::: MATERIAL FOR THIS EXERCISE

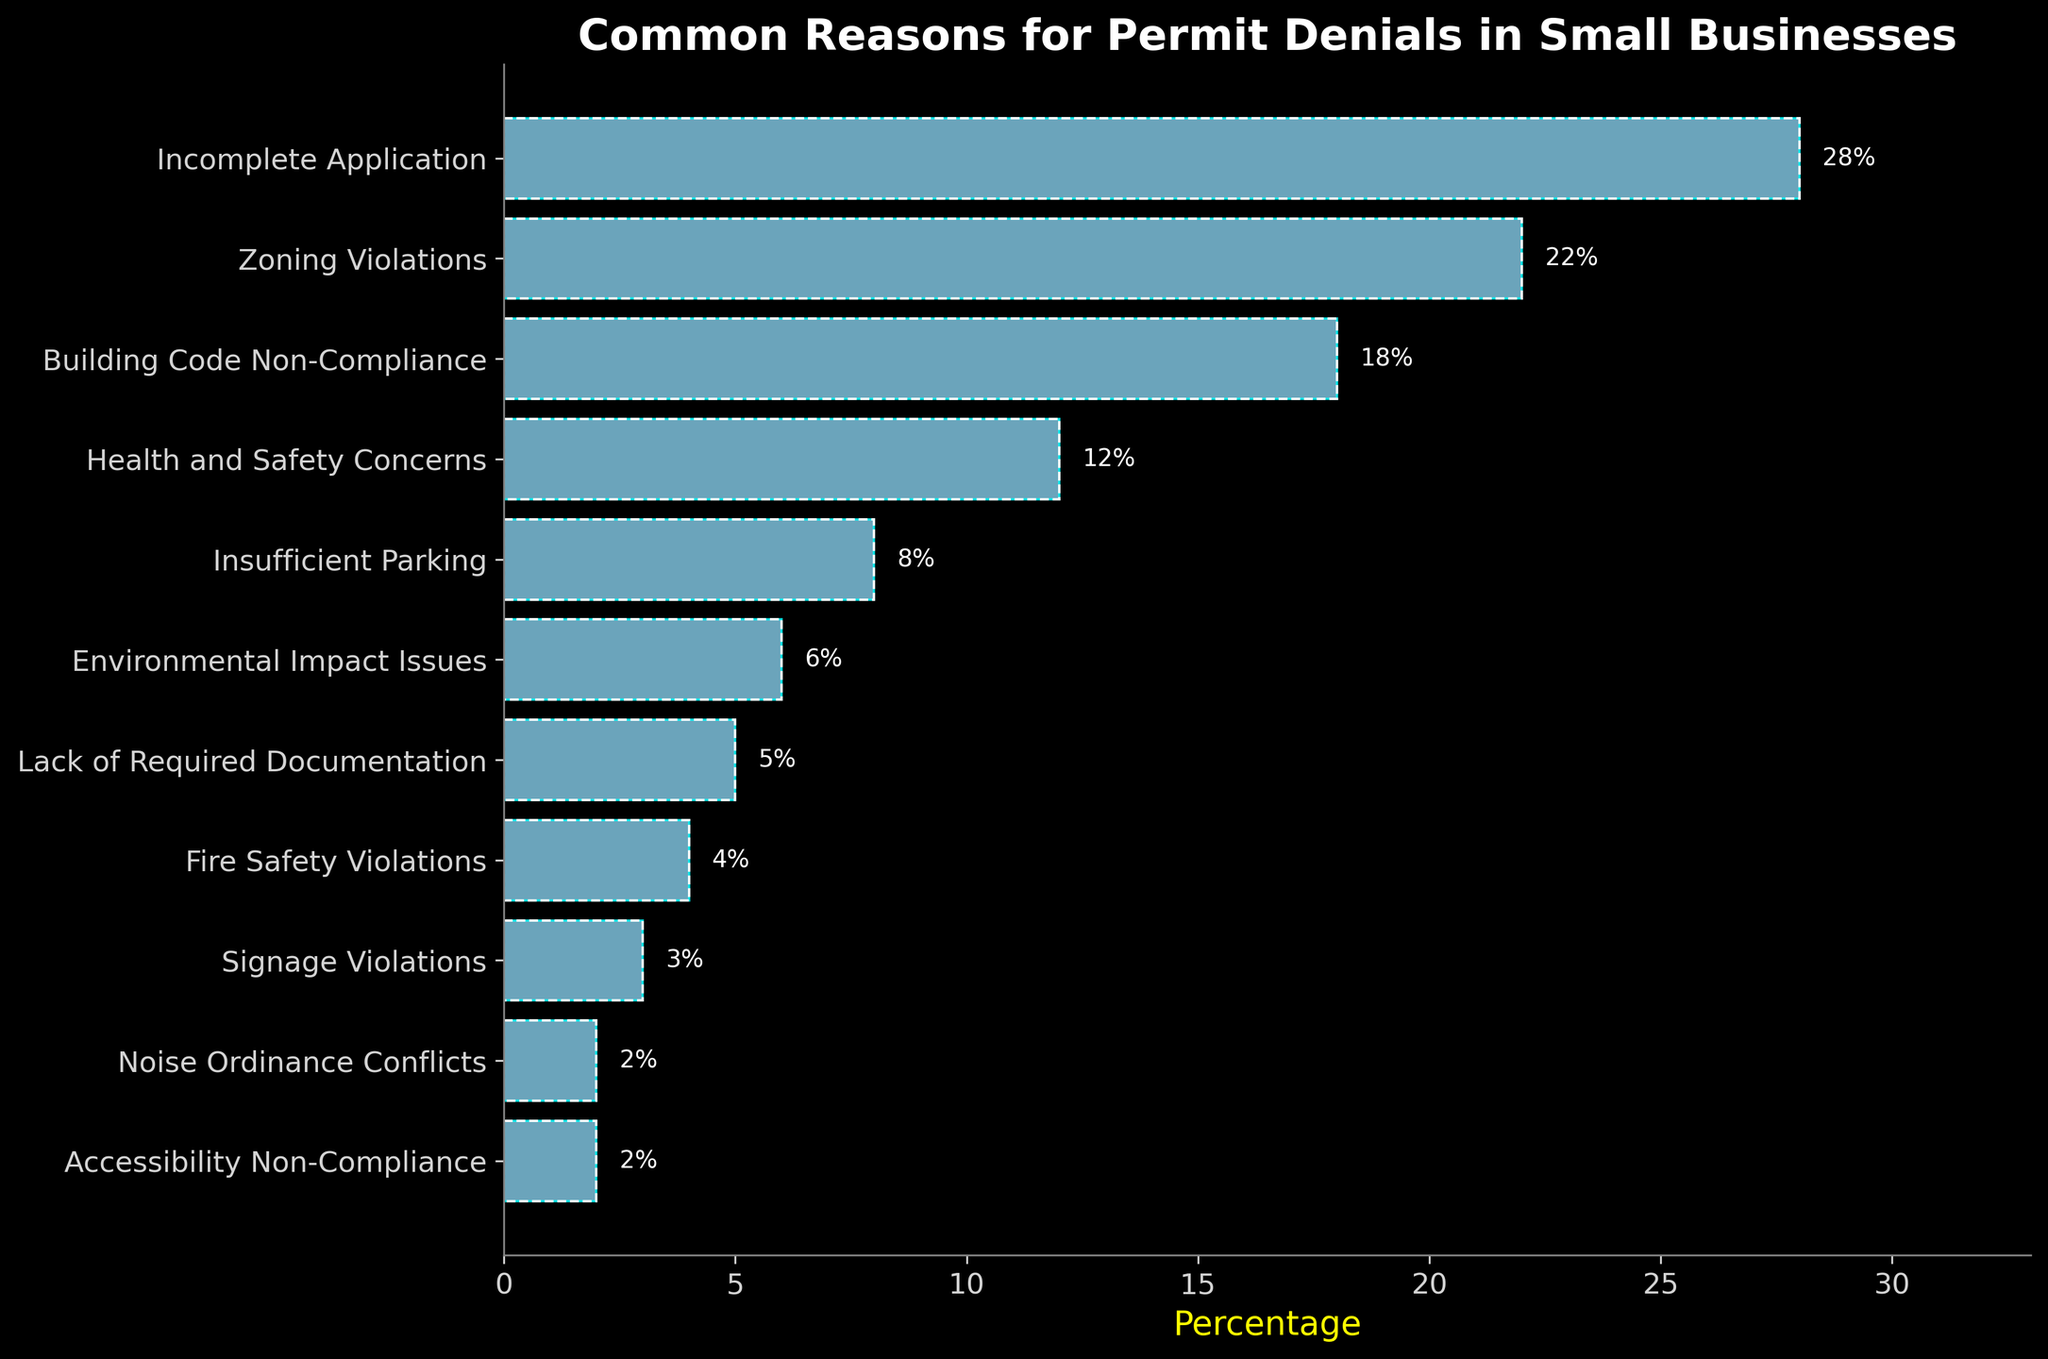Which reason has the highest percentage for permit denials? The tallest bar represents the highest percentage, which is for "Incomplete Application" at 28%.
Answer: Incomplete Application What is the combined percentage of "Zoning Violations" and "Building Code Non-Compliance"? Add the percentages for "Zoning Violations" (22%) and "Building Code Non-Compliance" (18%). This gives 22% + 18% = 40%.
Answer: 40% Is "Health and Safety Concerns" responsible for a greater percentage of denials than "Insufficient Parking"? Compare the percentage of "Health and Safety Concerns" (12%) with that of "Insufficient Parking" (8%). Since 12% > 8%, "Health and Safety Concerns" has a greater percentage.
Answer: Yes Which reasons for permit denials have percentages below 5%? Look for bars with lengths representing percentages below 5%. These are "Lack of Required Documentation" (5%), "Fire Safety Violations" (4%), "Signage Violations" (3%), "Noise Ordinance Conflicts" (2%), and "Accessibility Non-Compliance" (2%).
Answer: Lack of Required Documentation, Fire Safety Violations, Signage Violations, Noise Ordinance Conflicts, Accessibility Non-Compliance By how much does the percentage of "Building Code Non-Compliance" exceed that of "Environmental Impact Issues"? Subtract the percentage of "Environmental Impact Issues" (6%) from "Building Code Non-Compliance" (18%). This gives 18% - 6% = 12%.
Answer: 12% Can you identify any reasons that are equally significant in causing permit denials? Compare the percentages of all reasons to identify any that are equal. "Noise Ordinance Conflicts" and "Accessibility Non-Compliance" both have a 2% denial percentage.
Answer: Noise Ordinance Conflicts and Accessibility Non-Compliance If the percentage for "Incomplete Application" was reduced by 10%, what would the new percentage be? Subtract 10% from the current percentage of "Incomplete Application" (28%). This gives 28% - 10% = 18%.
Answer: 18% What is the visual appearance of the bar representing "Health and Safety Concerns"? Describe the visual attributes of the bar for "Health and Safety Concerns". It is a horizontal light blue bar with text "12%" displayed to the right of the bar.
Answer: Horizontal light blue bar with "12%" text to the right How many reasons have percentages that are 10% or higher? Count the bars with a length representing percentages 10% or higher. These reasons are "Incomplete Application" (28%), "Zoning Violations" (22%), "Building Code Non-Compliance" (18%), and "Health and Safety Concerns" (12%). There are 4 such reasons.
Answer: 4 What is the difference in percentage between the top reason and the lowest reason for permit denials? Subtract the percentage of the lowest reason "Accessibility Non-Compliance" (2%) from the highest reason "Incomplete Application" (28%). This gives 28% - 2% = 26%.
Answer: 26% 
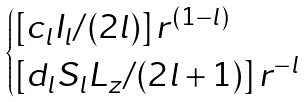Convert formula to latex. <formula><loc_0><loc_0><loc_500><loc_500>\begin{cases} [ c _ { l } I _ { l } / ( 2 l ) ] { \, } r ^ { ( 1 - l ) } \\ [ d _ { l } S _ { l } L _ { z } / ( 2 l + 1 ) ] { \, } r ^ { - l } \end{cases}</formula> 
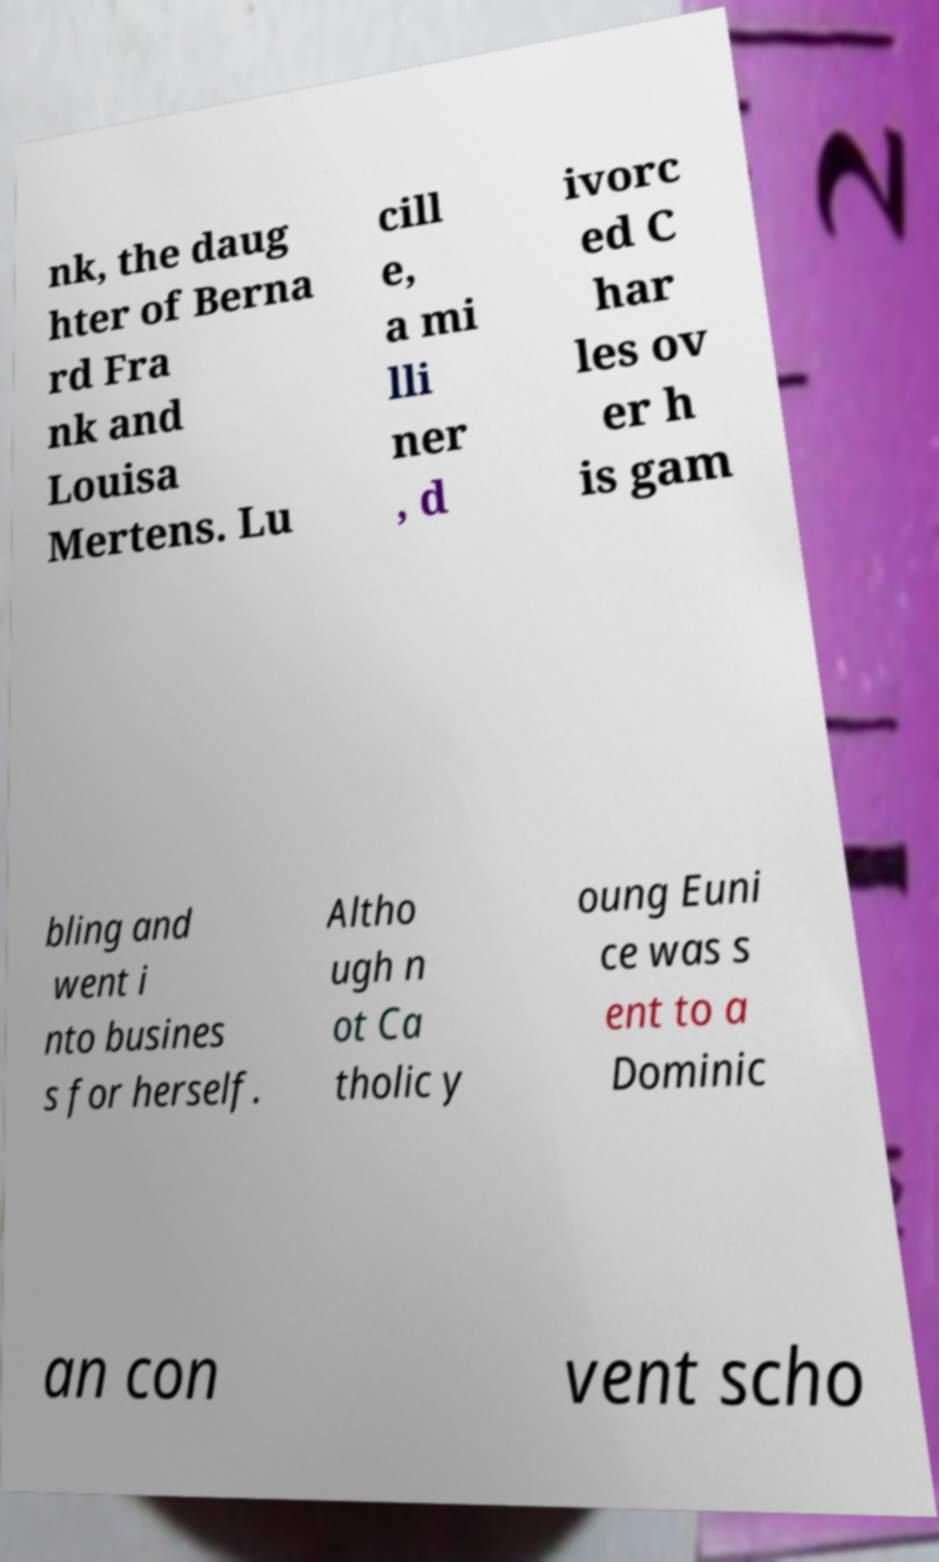Can you accurately transcribe the text from the provided image for me? nk, the daug hter of Berna rd Fra nk and Louisa Mertens. Lu cill e, a mi lli ner , d ivorc ed C har les ov er h is gam bling and went i nto busines s for herself. Altho ugh n ot Ca tholic y oung Euni ce was s ent to a Dominic an con vent scho

::::::

Above are the records; repeat their lines from the first through the line containing "Answer: Incomplete Application", and leave out each picture.

Which reason has the highest percentage for permit denials? The tallest bar represents the highest percentage, which is for "Incomplete Application" at 28%.
Answer: Incomplete Application What is the combined percentage of "Zoning Violations" and "Building Code Non-Compliance"? Add the percentages for "Zoning Violations" (22%) and "Building Code Non-Compliance" (18%). This gives 22% + 18% = 40%.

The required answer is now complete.